More start-ups are developing Artificial Intelligence chips
More and more company founders – and investors – are recognising the opportunities offered by AI chips. At least 45 start-ups are currently working on corresponding semiconductor solutions, while at least five of these have received more than USD 100 million from investors. According to market researchers at CB Insights, venture capitalists invested more than USD 1.5 billion in chip start-ups in 2017 – double the amount that was invested just two years ago. British firm Graphcore has developed the Intelligence Processing Unit (IPU), a new technology for accelerating machine learning and Artificial Intelligence (AI) applications. The AI platform of US company Mythic performs hybrid digital/analogue calculations in flash arrays. The inference phase can therefore take place directly within the memory, where the “knowledge” of the neural network is stored, offering benefits in terms of performance and accuracy. China is one of the most active countries when it comes to Artificial Intelligence chip start-ups. The value of Cambricon Technologies alone is currently estimated at USD 1 billion. The start-up has developed a neural network processor chip for smartphones, for instance.
New chip architectures for even better performance of Artificial Intelligence
Neuromorphic chips are emerging as the next phase in chip development. Their architecture mimics the way the human brain works in terms of learning and comprehension. A key feature of these chips is the removal of the separation between the processor unit and the data memory. Launched in 2017, neuromorphic test chips with over 100,000 neurons and 100 million plus synapses can unite training and inference on one chip. When in use, they should be able to learn autonomously at a rate that is a 1 million times better than the third generation of neural networks. At the same time, they are highly energy-efficient.

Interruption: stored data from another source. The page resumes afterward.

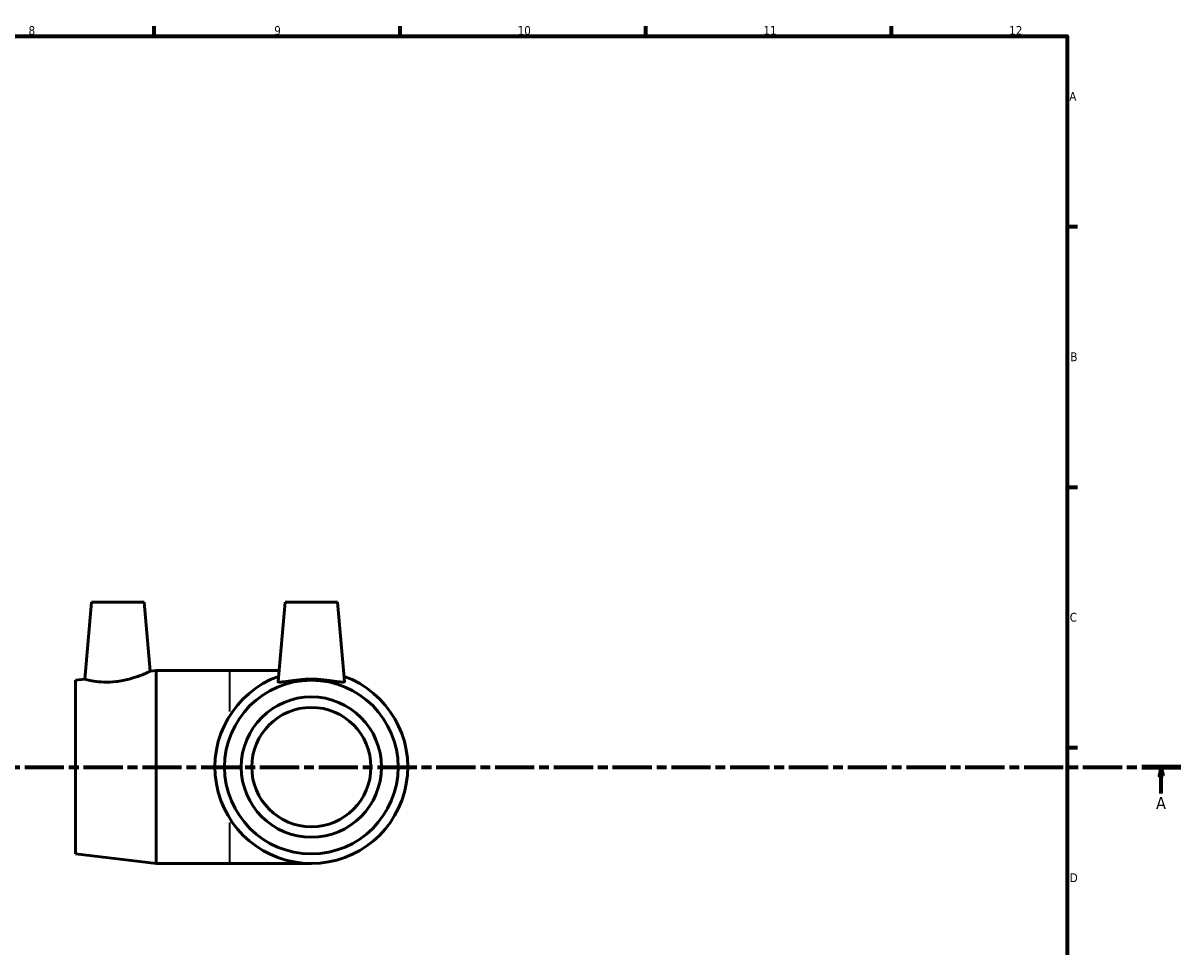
# Model space of a CAD drawing. Header units: millimetres. Extents: x -167 to 1326, y -219 to 865.
# Tile 5 of 7: x 523 to 853, y 314 to 578. Entities that reach past the tile are written whole.
import ezdxf

# ---------------------------------------------------------------- set-up
doc = ezdxf.new("R2010")
doc.units = ezdxf.units.MM
doc.linetypes.add('CHAIN', pattern=[0.3543, 0.2362, -0.0295, 0.0591, -0.0295])
for name, color, linetype, lineweight in [('Border (ISO)', 7, 'Continuous', 70), ('Section Line (ISO)', 7, 'CHAIN', 70), ('Visible (ISO)', 7, 'Continuous', 50), ('Visible Narrow (ISO)', 7, 'Continuous', 35)]:
    doc.layers.add(name, color=color, linetype=linetype, lineweight=lineweight)
doc.styles.add('Label Text (ISO)', font='tahoma.ttf')
doc.styles.add('Note Text (ISO)', font='tahoma.ttf')

# ---------------------------------------------------------------- blocks, each defined once
blk = doc.blocks.new('Borders Default Border')
at = {"layer": 'Border (ISO)'}
for p, q in [((560.67, 574), (560.67, 576.9)), ((630.75, 574), (630.75, 576.9)), ((700.83, 574), (700.83, 576.9)), ((770.92, 574), (770.92, 576.9)), ((821, 519.75), (823.9, 519.75)), ((821, 445.5), (823.9, 445.5)), ((821, 371.25), (823.9, 371.25))]:
    blk.add_line(p, q, dxfattribs=at)
at = {"layer": 'Border (ISO)', "flags": 128}
blk.add_lwpolyline([(20, 20), (20, 574), (821, 574), (821, 20), (20, 20)], dxfattribs=at)
at = {"layer": 'Border (ISO)', "color": 232, "true_color": 0xca0064, "char_height": 2.5, "attachment_point": 7, "style": 'Note Text (ISO)'}
for s, insert in [('8', (524.81, 574.34)), ('9', (594.88, 574.35)), ('10', (664.29, 574.35)), ('11', (734.37, 574.4)), ('12', (804.46, 574.4)), ('A', (821.59, 555.62)), ('B', (821.89, 481.37)), ('C', (821.73, 407.08)), ('D', (821.73, 332.88))]:
    blk.add_mtext(s, dxfattribs=dict(at, insert=insert))
blk = doc.blocks.new('2dTransSection0')
at = {"layer": 'Section Line (ISO)', "linetype": 'CHAIN', "ltscale": 47.315063}
blk.add_line((121.4, 365.68), (853.41, 365.68), dxfattribs=at)
at = {"layer": 'Section Line (ISO)', "linetype": 'Continuous', "lineweight": 140}
blk.add_line((842.24, 365.68), (853.41, 365.68), dxfattribs=at)
at = {"layer": 'Section Line (ISO)', "linetype": 'Continuous'}
for p, q in [((847.83, 365.68), (847.33, 363.18)), ((847.33, 363.18), (848.33, 363.18)), ((847.83, 363.18), (847.83, 365.68)), ((848.33, 363.18), (847.83, 365.68)), ((847.83, 358.18), (847.83, 363.18))]:
    blk.add_line(p, q, dxfattribs=at)
at = {"layer": 'Section Line (ISO)', "linetype": 'Continuous', "flags": 128}
blk.add_lwpolyline([(848.33, 363.18), (847.83, 365.68), (847.33, 363.18), (848.33, 363.18)], dxfattribs=at)
at = {"layer": 'Section Line (ISO)'}
blk.add_solid([(848.33, 363.18), (847.83, 365.68), (847.33, 363.18), (848.33, 363.18)], dxfattribs=at)
at = {"layer": 'Section Line (ISO)', "insert": (846.34, 353.68), "char_height": 3.5, "attachment_point": 7, "style": 'Label Text (ISO)'}
blk.add_mtext('A', dxfattribs=at)

msp = doc.modelspace()

# ---------------------------------------------------------------- linework, layer by layer
at = {"layer": 'Visible (ISO)'}
for p, q in [((542.746, 412.677), (540.827, 390.742)), ((542.746, 412.677), (557.746, 412.677)), ((557.746, 412.677), (559.47, 392.971)), ((597.946, 412.677), (595.97, 390.094)), ((597.946, 412.677), (612.946, 412.677)), ((612.946, 412.677), (614.922, 390.094)), ((559.47, 392.971), (561.196, 393.177)), ((561.196, 338.177), (561.196, 393.177)), ((561.196, 393.177), (582.196, 393.177)), ((596.24, 393.177), (582.196, 393.177)), ((538.196, 390.427), (540.827, 390.742)), ((538.196, 340.927), (538.196, 390.427)), ((538.196, 340.927), (561.196, 338.177)), ((561.196, 338.177), (582.196, 338.177)), ((582.196, 338.177), (605.446, 338.177))]:
    msp.add_line(p, q, dxfattribs=at)
for radius in [24.75, 20, 17]:
    msp.add_circle((605.446, 365.677), radius, dxfattribs=at)
msp.add_arc((605.446, 365.677), 27.5, 109.87541, 70.12459, dxfattribs=at)
for points, knots in [([(559.47, 392.971), (559.47, 392.971), (559.222, 392.851), (558.238, 392.41), (557.504, 392.092), (555.804, 391.443), (554.714, 391.067), (552.31, 390.428), (550.993, 390.172), (549.744, 390.032)], [4.2529604, 4.2529604, 4.2529604, 4.2529604, 4.6202247, 4.6202247, 4.9874889, 4.9874889, 5.36511, 5.36511, 5.7427311, 5.7427311, 5.7427311, 5.7427311]), ([(549.744, 390.032), (548.606, 389.906), (547.399, 389.863), (545.195, 389.945), (544.198, 390.065), (542.629, 390.316), (541.949, 390.465), (541.048, 390.68), (540.827, 390.742), (540.827, 390.742)], [0, 0, 0, 0, 0.3436317, 0.3436317, 0.6872635, 0.6872635, 1.0344292, 1.0344292, 1.3815949, 1.3815949, 1.3815949, 1.3815949]), ([(614.914, 390.032), (614.865, 389.906), (614.586, 389.863), (613.57, 389.945), (612.833, 390.065), (611.167, 390.316), (610.119, 390.465), (607.838, 390.68), (606.603, 390.742), (604.289, 390.742), (603.054, 390.68), (600.773, 390.465), (599.726, 390.316), (598.06, 390.065), (597.323, 389.945), (596.306, 389.863), (596.028, 389.906), (595.971, 390.051), (595.969, 390.072), (595.971, 390.094)], [0, 0, 0, 0, 0.3436317, 0.3436317, 0.6872635, 0.6872635, 1.0344292, 1.0344292, 1.3815949, 1.3815949, 1.7287606, 1.7287606, 2.0759263, 2.0759263, 2.419558, 2.419558, 2.7631898, 2.7631898, 2.8134885, 2.8134885, 2.8134885, 2.8134885])]:
    msp.add_open_spline(points, degree=3, knots=knots, dxfattribs=at)
msp.add_open_spline([(614.921, 390.094), (614.924, 390.072), (614.921, 390.051), (614.914, 390.032)], degree=3, dxfattribs=at)
at = {"layer": 'Visible Narrow (ISO)'}
for p, q in [((582.196, 381.516), (582.196, 393.142)), ((582.196, 338.212), (582.196, 349.839))]:
    msp.add_line(p, q, dxfattribs=at)

# ---------------------------------------------------------------- block references
msp.add_blockref('Borders Default Border', (0, 0))
at = {"layer": 'Section Line (ISO)'}
msp.add_blockref('2dTransSection0', (0, 0), dxfattribs=at)

doc.saveas('drawing.dxf')

Quantum computers represent a quantum leap for AI systems in the truest sense of the word. The big players in the IT sector, such as Google, IBM and Microsoft, as well as countries, intelligence services and even car manufacturers are investing in this technology. These computers are based on the principles of quantum mechanics. A quantum computer can perform each calculation step for all states at the same time. This means that it delivers exceptional processing power for the parallel processing of commands and has the potential to compute at a much higher speed than conventional computers. Although the technology may still be in its infancy, the race for faster and more reliable quantum processors is already well underway.